_WORK REQUEST:_ Please reproduce exactly, and only, the line containing "4. car [296, 198, 336, 210]" and every line after it to the end of the records below, leaving out all pictures.
╭──
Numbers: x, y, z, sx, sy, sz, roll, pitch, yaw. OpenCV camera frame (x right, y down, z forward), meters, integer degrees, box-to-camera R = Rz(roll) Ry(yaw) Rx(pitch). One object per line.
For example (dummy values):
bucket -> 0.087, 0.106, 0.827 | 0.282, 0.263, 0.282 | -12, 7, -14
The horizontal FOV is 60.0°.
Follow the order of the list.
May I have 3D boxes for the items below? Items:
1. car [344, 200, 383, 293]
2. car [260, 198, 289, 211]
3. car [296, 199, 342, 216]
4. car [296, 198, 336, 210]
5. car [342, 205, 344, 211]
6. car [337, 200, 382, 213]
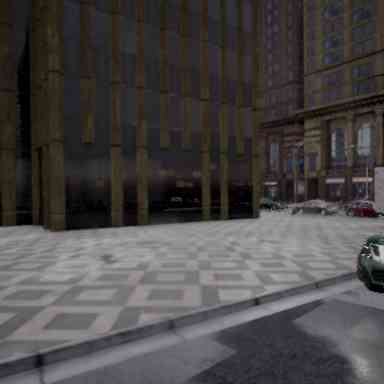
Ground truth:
╰──
_FINAL ANSWER:_
4. car [296, 198, 336, 210]
5. car [342, 205, 344, 211]
6. car [337, 200, 382, 213]
Ground truth:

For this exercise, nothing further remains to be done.